All are documented in a formal specification, independent of any implementations.

STAM aims to provide a solid generic foundation for stand-off-text annotation upon which other initiatives can build. The model is specialised for text annotation rather than general knowledge graphs.

Simplicity, reusability & interoperability

STAM provides a canonical STAM JSON format (shown right), and as an extension also a STAM CSV format and an optimised binary format. Data can also be easily imported from and exported to simple ad-hoc formats like TSV. The model itself is independent of any serialisation formats.

STAM may act as a pivot model in conversions between different annotation formats, paradigms and vocabularies. It does not seek to replace existing projects but offers a common foundation in which other vocabularies may be expressed, allowing you to benefit from a common machinery.

We seek a fair degree of interoperability with W3C Web Annotations , linked open data in general, FoLiA, Text Encoding Initiative (TEI), CoNLL-U and Text Fabric. Various converters and mappings to this end have been implemented, such as a W3C Web Annotation exporter (specification), and a generic XML importer that effectively untangles an XML file with inline annotations/markup (like TEI) and splits it into plain text and pure stand-off annotations referencing that text.

{
  "@type": "AnnotationStore", "@id": "example",
  "resources": [ { "@type": "TextResource", "@id": "document.txt", "text": "Hallå världen" }],
  "annotationsets": [ { "@type": "AnnotationDataSet", "@id": "testset", 
  "keys": [ { "@type": "DataKey", "@id": "pos" }],
  "data": [ { "@type": "AnnotationData", "@id": "!D0", "key": "pos", "value": { "@type": "String", "value": "noun" } } ] } ],
  "annotations": [
    {
      "@type": "Annotation", "@id": "!A0",
      "target": {
        "@type": "TextSelector",
        "resource": "document.txt",
        "offset": { "@type": "Offset", "begin": { "@type": "BeginAlignedCursor", "value": 6 },
            "end": { "@type": "BeginAlignedCursor", "value": 13 } }
      },
      "data": [ { "@type": "AnnotationData", "@id": "!D0", "set": "testset" } ]
    }
  ]
}

$ stam query --query \
  'SELECT ANNOTATION ?a WHERE 
          DATA "testset" "pos" = "noun";' \
   example.stam.store.json

Type       Id  Text    TextSelection     testset/pos
Annotation !A0 världen document.txt#6-13 noun

Querying & Visualisation

Tools are also provided for querying and visualisation. A STAM Query Language (STAMQL) is available to that end. Visualisation works either in the browser (HTML) or in the terminal (ANSI text), and is also exposed via stam-python for use in for example Jupyter Notebooks.

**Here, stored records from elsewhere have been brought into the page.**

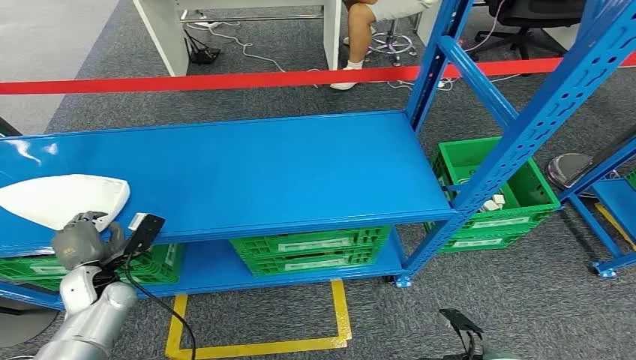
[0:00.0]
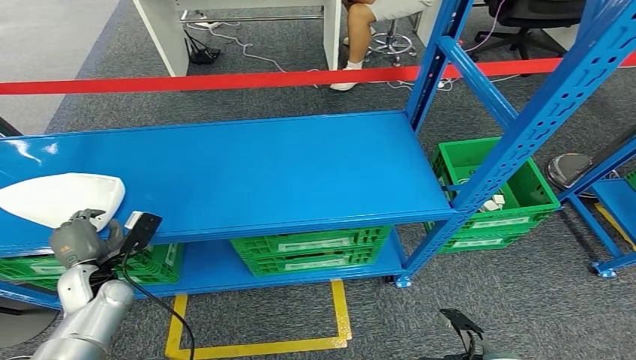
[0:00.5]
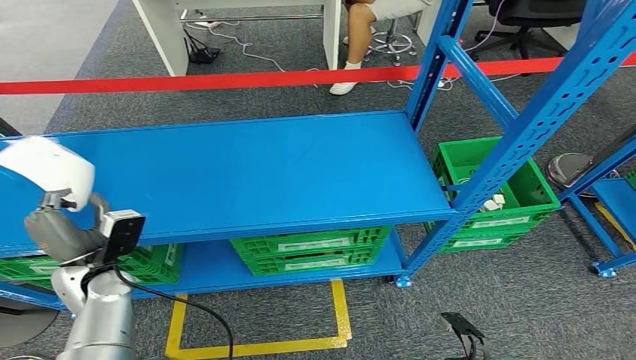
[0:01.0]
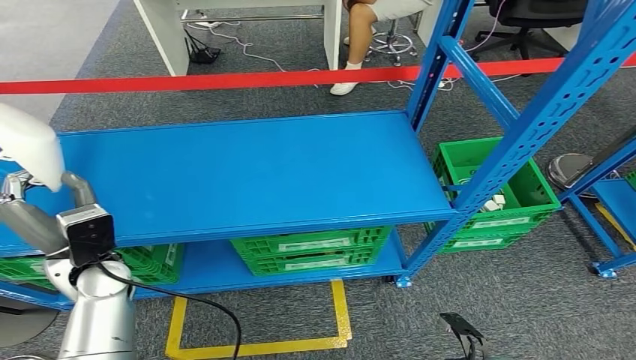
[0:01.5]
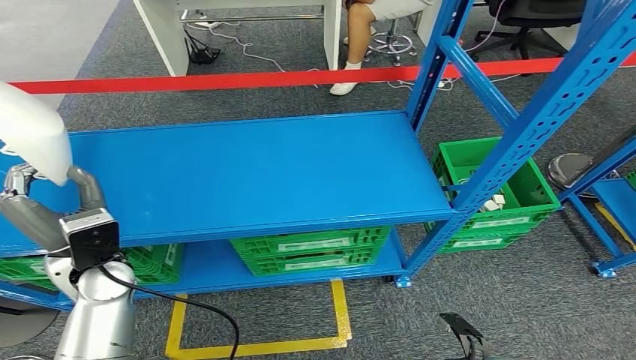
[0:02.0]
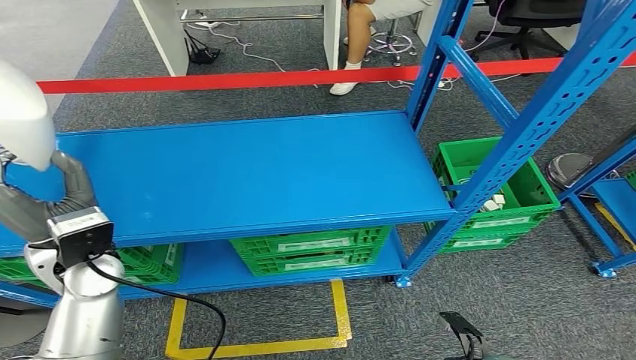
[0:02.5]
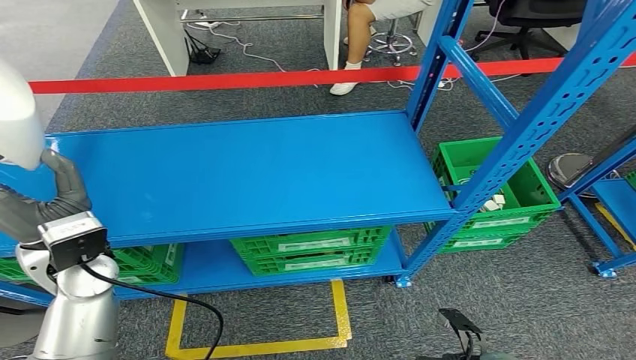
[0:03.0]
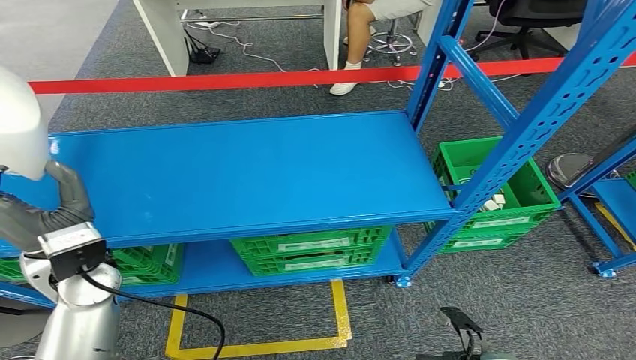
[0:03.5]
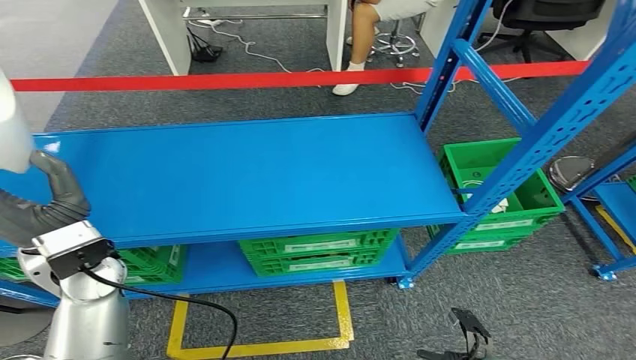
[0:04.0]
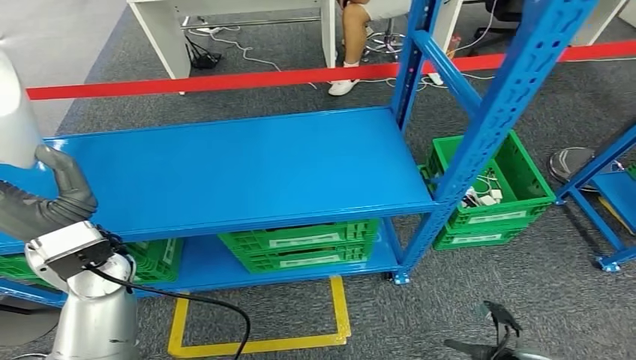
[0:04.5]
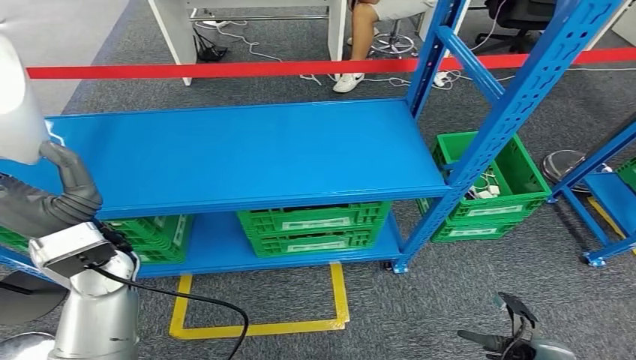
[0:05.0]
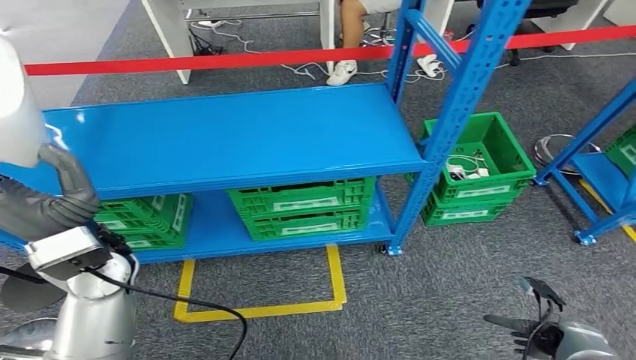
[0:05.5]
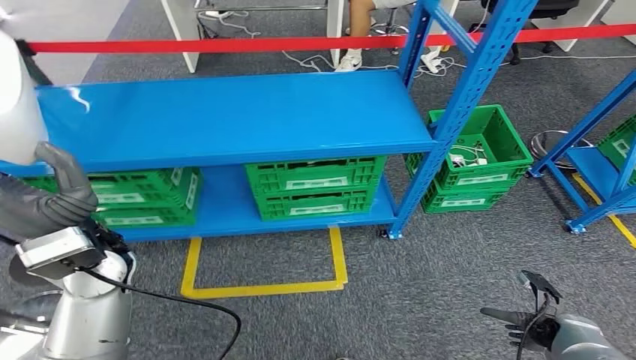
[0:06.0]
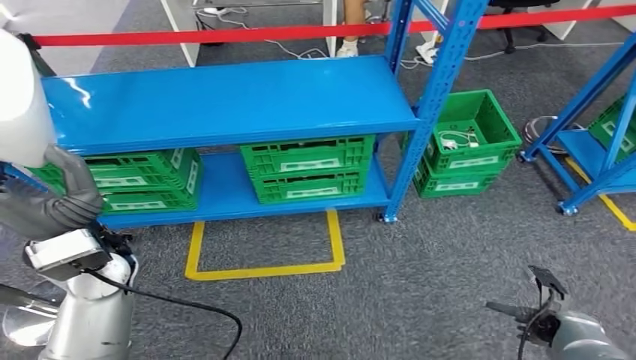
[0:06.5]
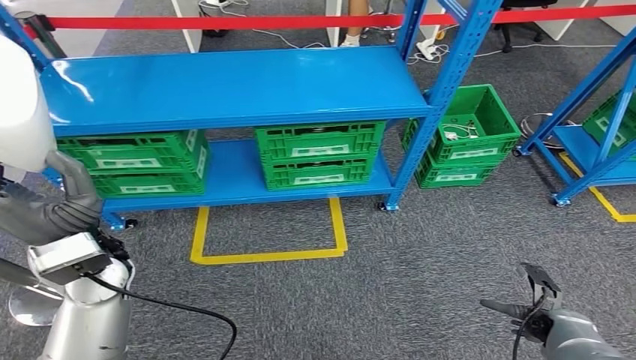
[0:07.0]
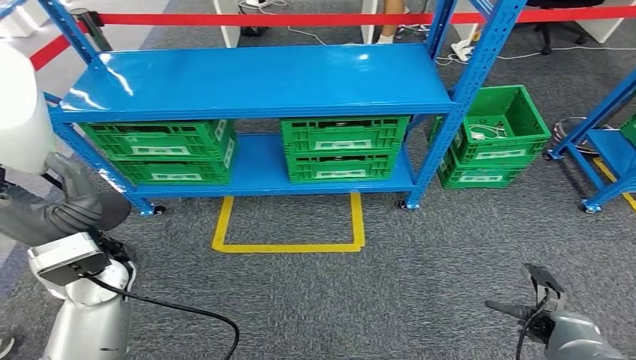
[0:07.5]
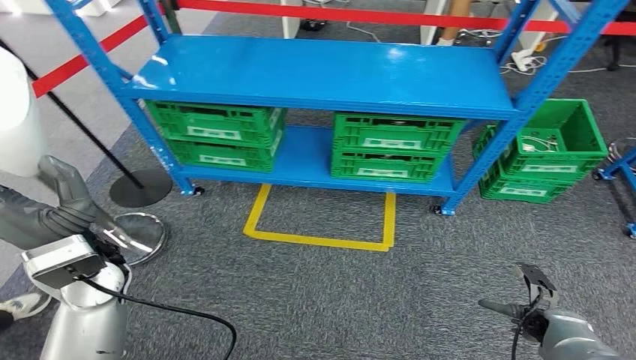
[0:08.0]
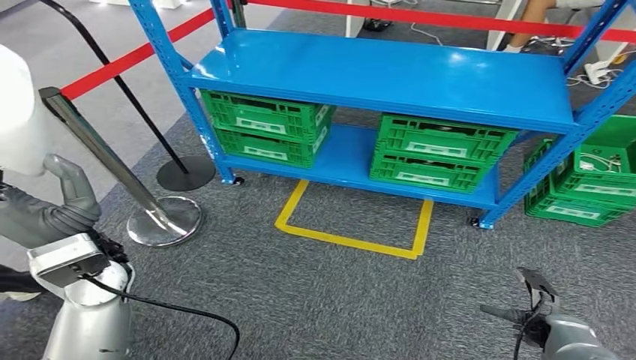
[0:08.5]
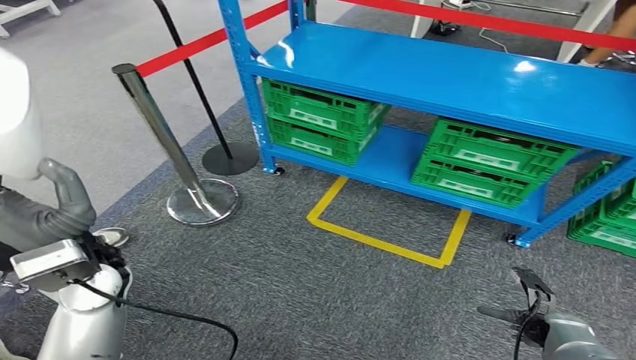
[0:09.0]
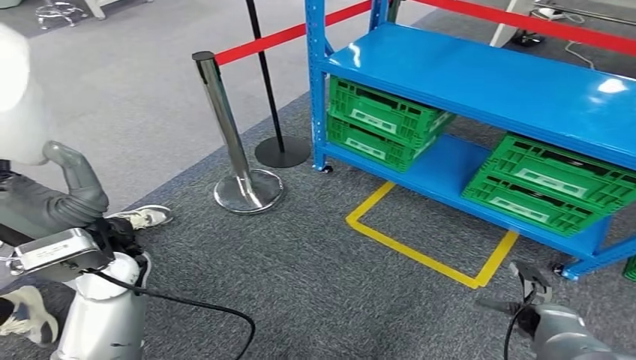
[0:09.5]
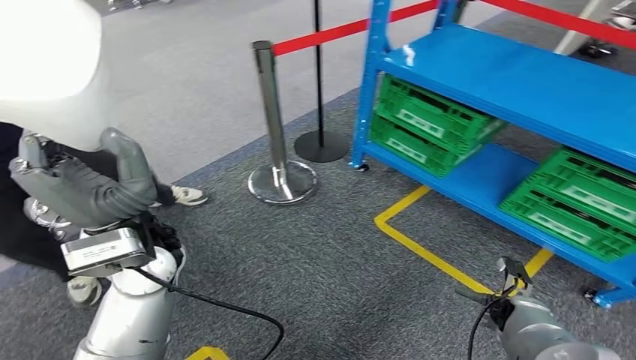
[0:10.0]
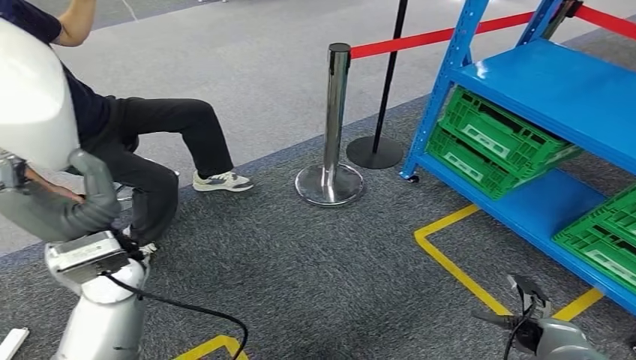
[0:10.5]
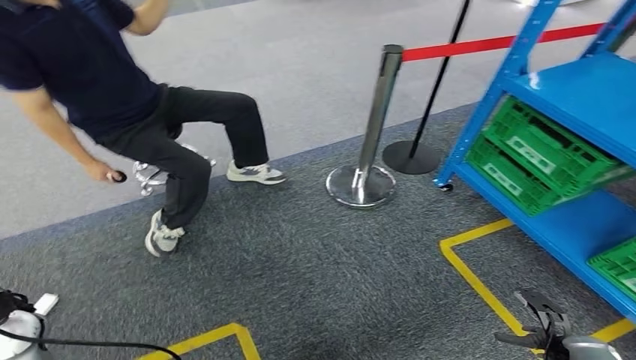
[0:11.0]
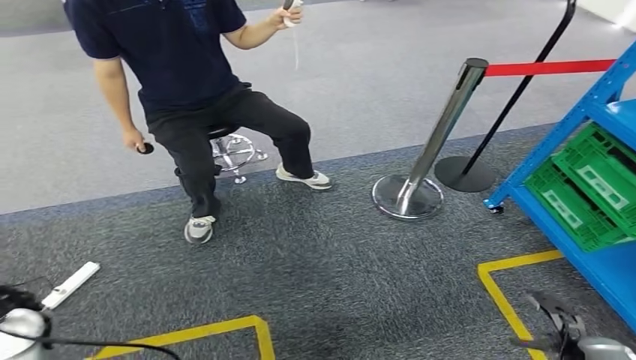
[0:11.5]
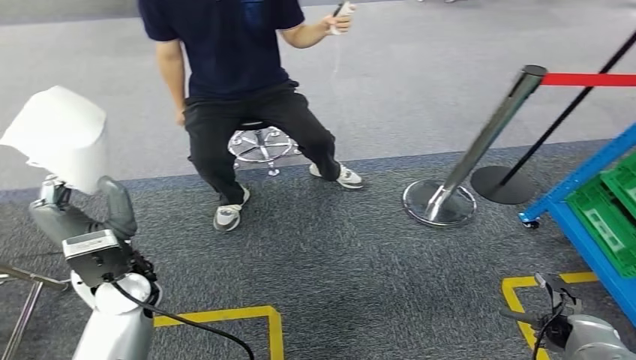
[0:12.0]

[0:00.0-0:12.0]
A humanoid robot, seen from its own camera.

$ stam view --query 'SELECT RESOURCE ?res' \
  --query '@KEYVALUETAG SELECT ANNOTATION ?a WHERE 
          RESOURCE ?res; 
          DATA "testset" "pos" = "noun";' \
   example.stam.store.json

visualisation of an annotation in the browser

visualisation of an annotation on the terminal

Computing with annotations

STAM, through its Rust and Python library and the command line tools, offers a lot of functionality for various computations on text and their annotations.

Conversion between character offsets in a relative frame (any text selection/annotation) and absolute frame (the full resource text), as well as conversion between UTF-8 byte offsets and unicode characters offers.
Computation of spatial relationships between text selections/annotations, e.g. embedding, overlap, adjacency, and retrieval of annotations bases on such relationships (also via STAMQL).
Common regular-expression based text search (also via STAMQL).
Automatic alignment of two or more similar texts (Smith-Waterman/Needleman-Wunsch) and automatic transposition of annotations from one text to another, following such an alignment.
Validation of the integrity of stand-off annotations. Do they still point to the right text?